Records from a collection:
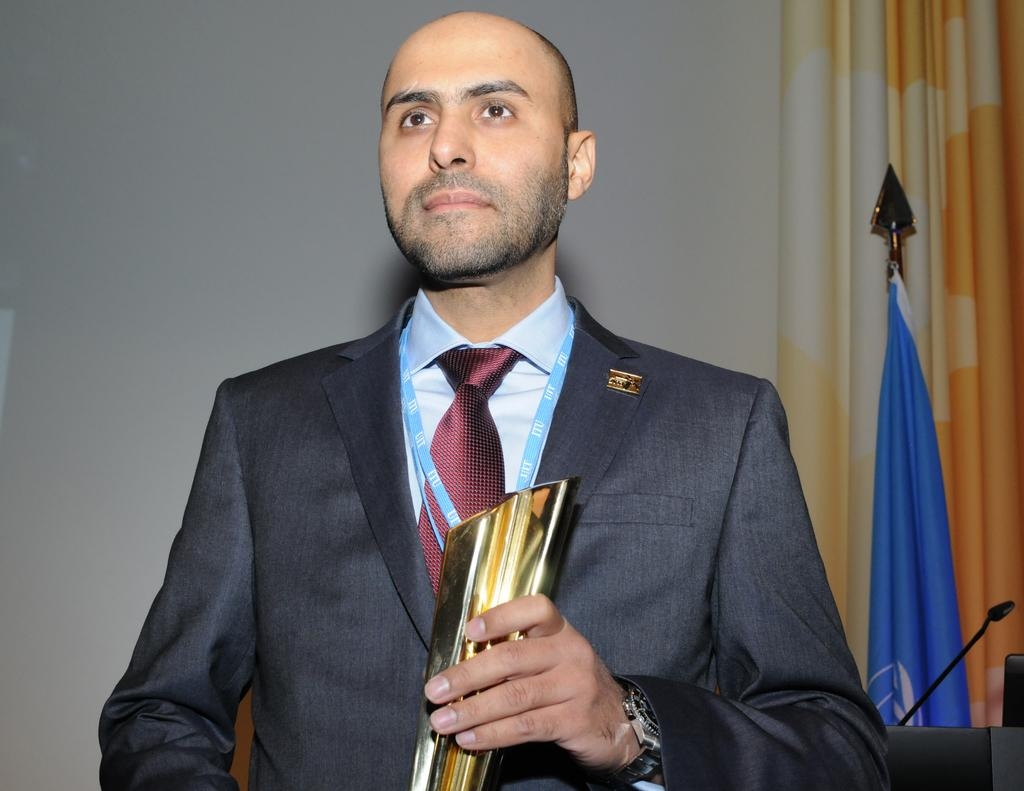What can be seen in the image? There is a person in the image. What is the person holding? The person is holding something. Can you describe any other objects in the image? There is a microphone (mike) on the right side of the image. Can you tell me how many zebras are visible in the image? There are no zebras present in the image. What type of gun is the person holding in the image? The person is not holding a gun in the image; they are holding something else. 
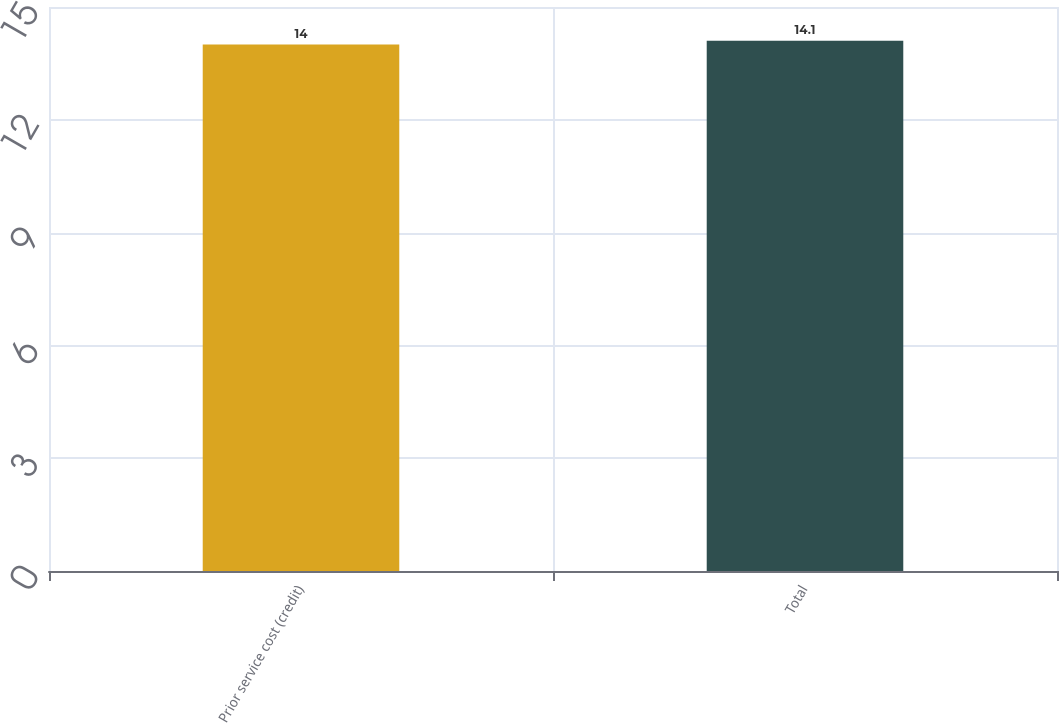Convert chart to OTSL. <chart><loc_0><loc_0><loc_500><loc_500><bar_chart><fcel>Prior service cost (credit)<fcel>Total<nl><fcel>14<fcel>14.1<nl></chart> 
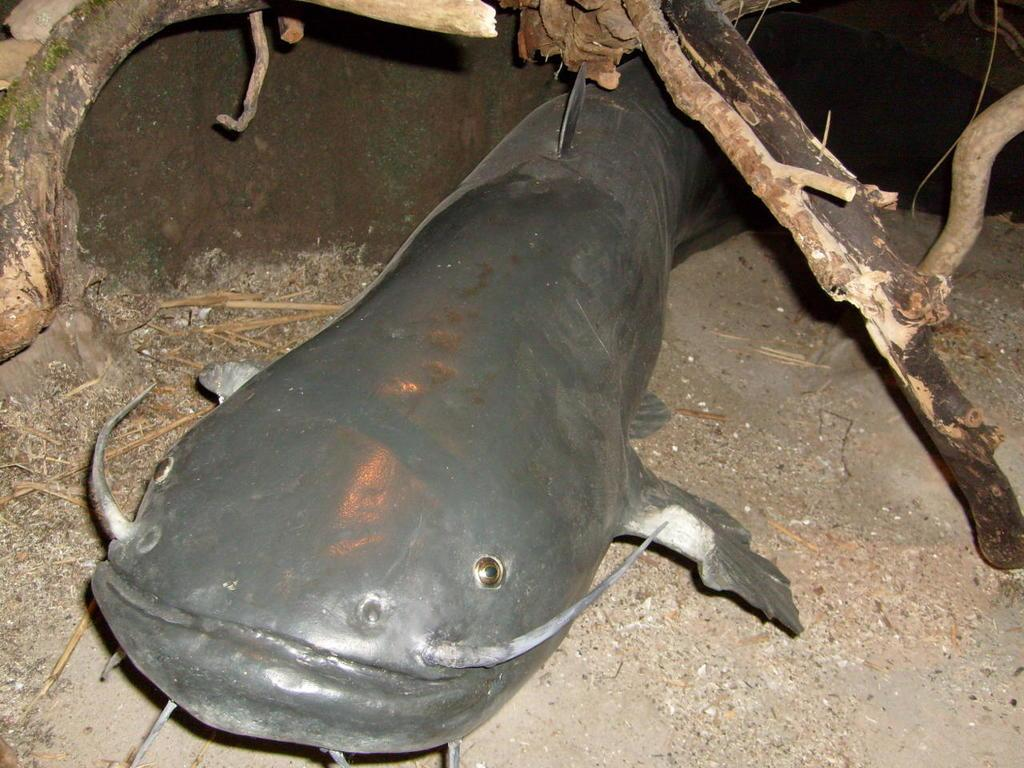What type of animal is on the ground in the image? There is a catfish on the ground in the image. What can be seen on the left side of the image? There are branches visible on the left side of the image. What can be seen on the right side of the image? There are branches visible on the right side of the image. What brand of toothpaste is the catfish using in the image? There is no toothpaste present in the image, and the catfish is not using any toothpaste. 
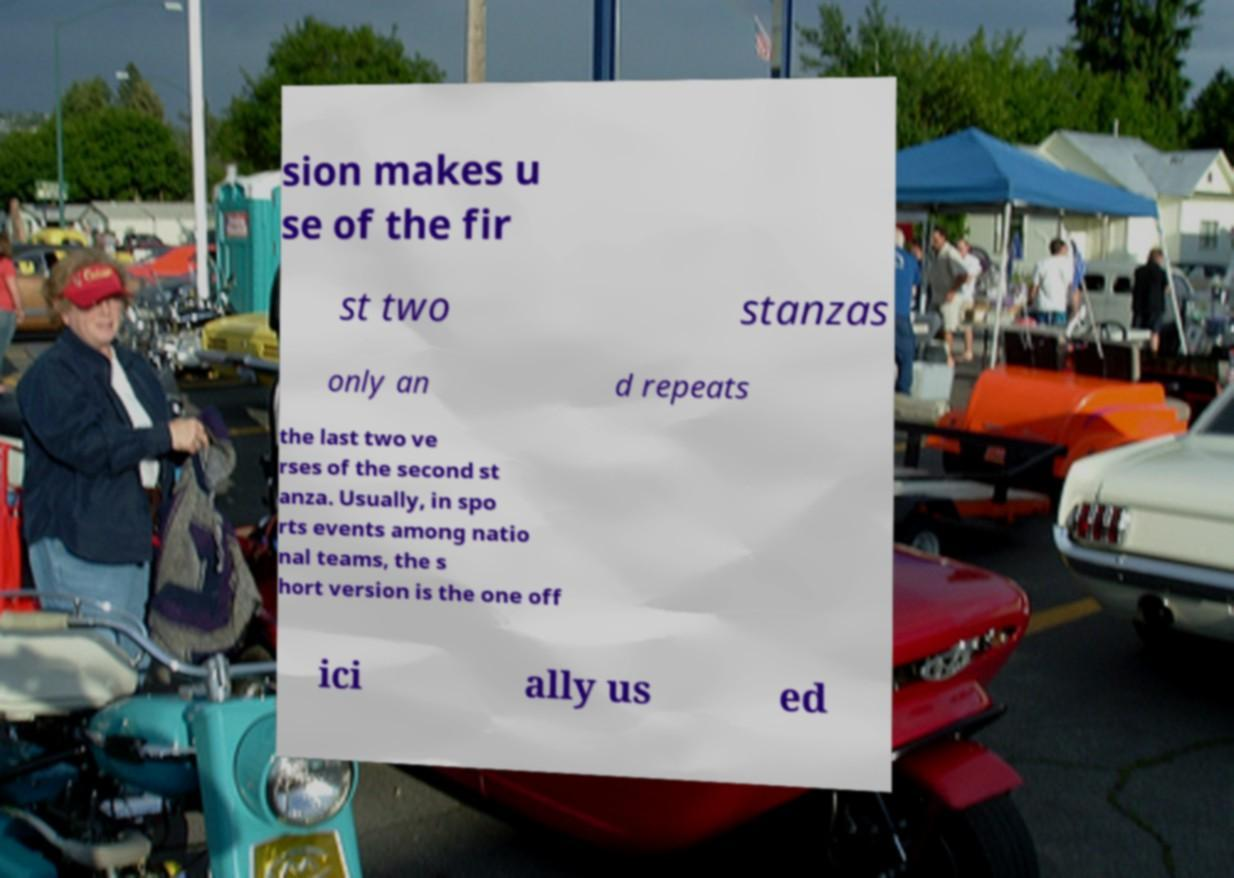What messages or text are displayed in this image? I need them in a readable, typed format. sion makes u se of the fir st two stanzas only an d repeats the last two ve rses of the second st anza. Usually, in spo rts events among natio nal teams, the s hort version is the one off ici ally us ed 
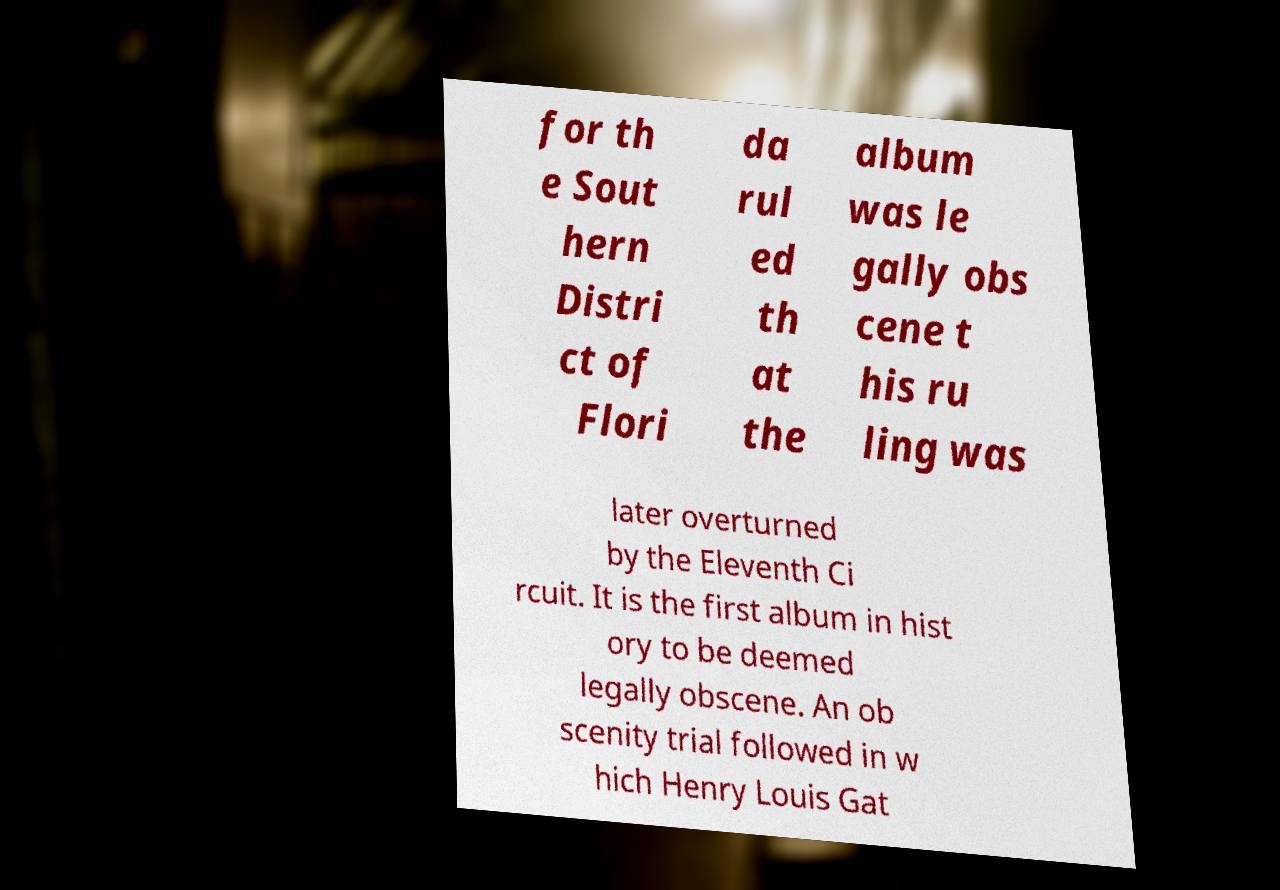Please identify and transcribe the text found in this image. for th e Sout hern Distri ct of Flori da rul ed th at the album was le gally obs cene t his ru ling was later overturned by the Eleventh Ci rcuit. It is the first album in hist ory to be deemed legally obscene. An ob scenity trial followed in w hich Henry Louis Gat 
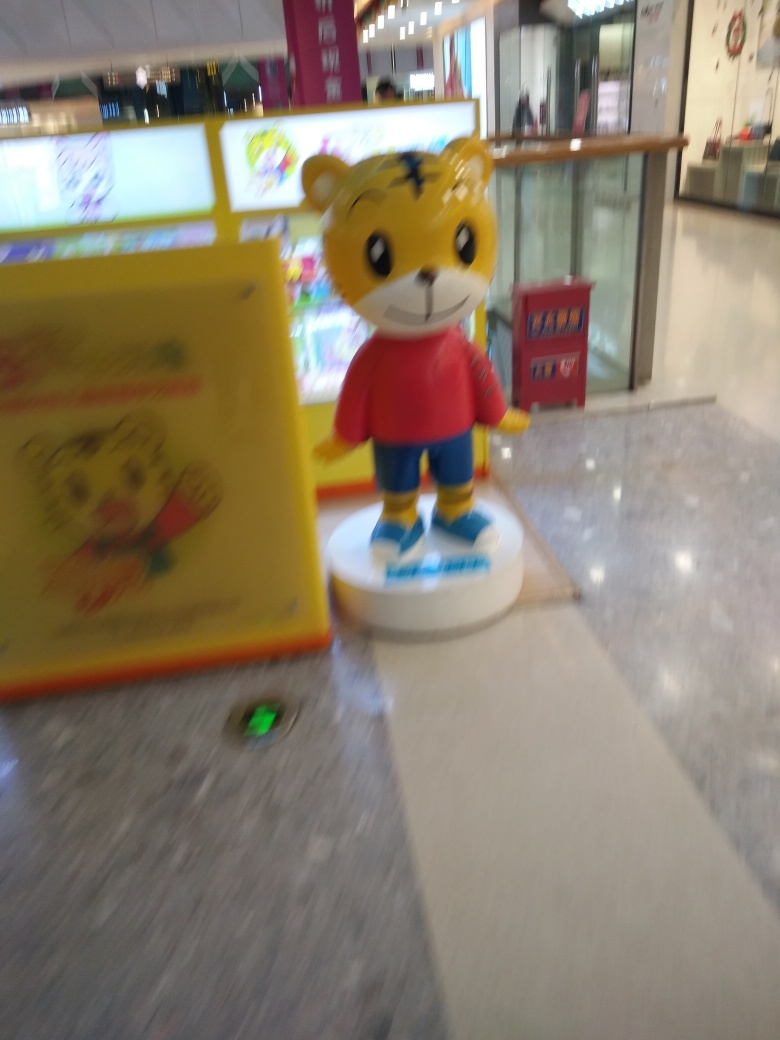Is this character known from any particular media or brand? Based on the visible design, it is possible the character could be associated with a specific brand, product, or media such as a children's cartoon or book series. Unfortunately, due to the lack of distinct recognizable features in this specific image, it's challenging to identify the character's exact origins. 
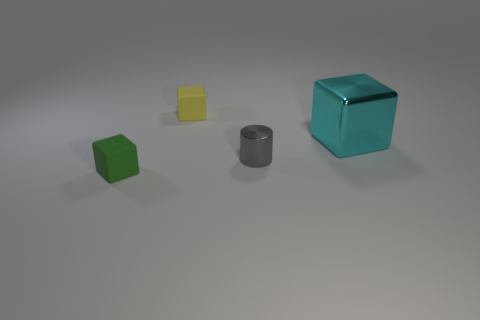Subtract 1 blocks. How many blocks are left? 2 Add 2 large cyan things. How many objects exist? 6 Subtract all gray cubes. Subtract all brown cylinders. How many cubes are left? 3 Subtract all blocks. How many objects are left? 1 Subtract 0 cyan balls. How many objects are left? 4 Subtract all large yellow matte cylinders. Subtract all rubber things. How many objects are left? 2 Add 1 shiny cylinders. How many shiny cylinders are left? 2 Add 3 metal cylinders. How many metal cylinders exist? 4

EXERCISE DETAILS ::
In repeating the lines above, keep the wording exact and leave every picture out.

SOLUTION ::
What can be seen in the image? There is a person in the image. What is the person holding? The person is holding something. Can you describe any other objects in the image? There is a microphone (mike) on the right side of the image. Can you tell me how many zebras are visible in the image? There are no zebras present in the image. What type of gun is the person holding in the image? The person is not holding a gun in the image; they are holding something else. 
Convert chart to OTSL. <chart><loc_0><loc_0><loc_500><loc_500><bar_chart><fcel>Prior service cost (credit)<fcel>Total<nl><fcel>14<fcel>14.1<nl></chart> 
What type of animal is on the ground in the image? There is a catfish on the ground in the image. What can be seen on the left side of the image? There are branches visible on the left side of the image. What can be seen on the right side of the image? There are branches visible on the right side of the image. What brand of toothpaste is the catfish using in the image? There is no toothpaste present in the image, and the catfish is not using any toothpaste. 
What messages or text are displayed in this image? I need them in a readable, typed format. sion makes u se of the fir st two stanzas only an d repeats the last two ve rses of the second st anza. Usually, in spo rts events among natio nal teams, the s hort version is the one off ici ally us ed 
Please identify and transcribe the text found in this image. for th e Sout hern Distri ct of Flori da rul ed th at the album was le gally obs cene t his ru ling was later overturned by the Eleventh Ci rcuit. It is the first album in hist ory to be deemed legally obscene. An ob scenity trial followed in w hich Henry Louis Gat 
Is this character known from any particular media or brand? Based on the visible design, it is possible the character could be associated with a specific brand, product, or media such as a children's cartoon or book series. Unfortunately, due to the lack of distinct recognizable features in this specific image, it's challenging to identify the character's exact origins. 
Subtract 1 blocks. How many blocks are left? 2 Add 2 large cyan things. How many objects exist? 6 Subtract all gray cubes. Subtract all brown cylinders. How many cubes are left? 3 Subtract all blocks. How many objects are left? 1 Subtract 0 cyan balls. How many objects are left? 4 Subtract all large yellow matte cylinders. Subtract all rubber things. How many objects are left? 2 Add 1 shiny cylinders. How many shiny cylinders are left? 2 Add 3 metal cylinders. How many metal cylinders exist? 4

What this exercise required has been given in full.